Start of Provided records

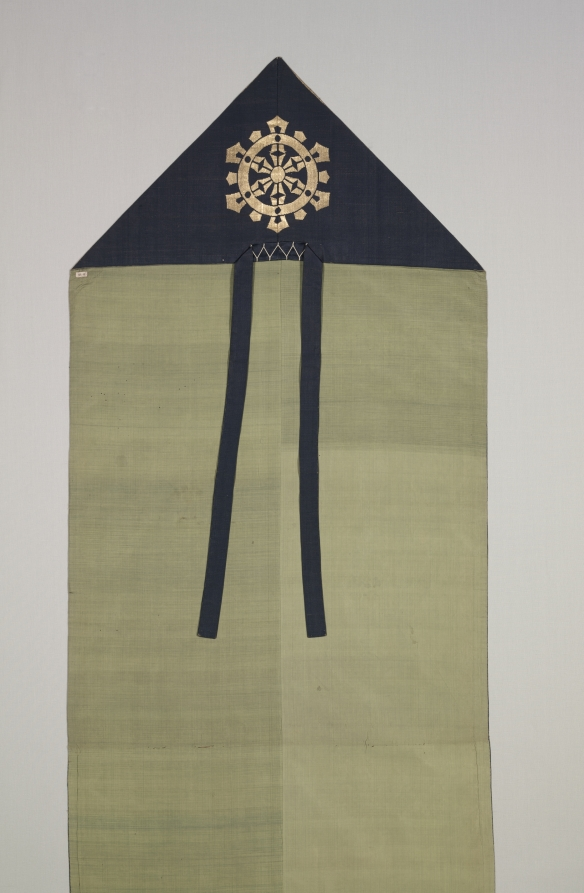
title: Sumibōshi
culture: Japan, Edo period (1615–1868)
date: 1800–1850
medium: silksatin weave; metal thread weft
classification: Garment
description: Sumibōshi literally means "hat with corners" in Japanese, and refers to the square shape made when this textile hat is tied on the head. Actors playing the roles of religious figures in Nō theater often wear this kind of cap. It derives from Buddhist vestments.
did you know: The design on this hat is meant to resemble metal hanging ornaments adorning the interiors of Japanese Buddhist temples.

End of Provided records

Which lines run from the one containing "culture: Japan, Edo period (1615–1868)" to the end of the data? Output them exactly, with nothing added.

- [Exercise answer]
culture: Japan, Edo period (1615–1868)
date: 1800–1850
medium: silksatin weave; metal thread weft
classification: Garment
description: Sumibōshi literally means "hat with corners" in Japanese, and refers to the square shape made when this textile hat is tied on the head. Actors playing the roles of religious figures in Nō theater often wear this kind of cap. It derives from Buddhist vestments.
did you know: The design on this hat is meant to resemble metal hanging ornaments adorning the interiors of Japanese Buddhist temples.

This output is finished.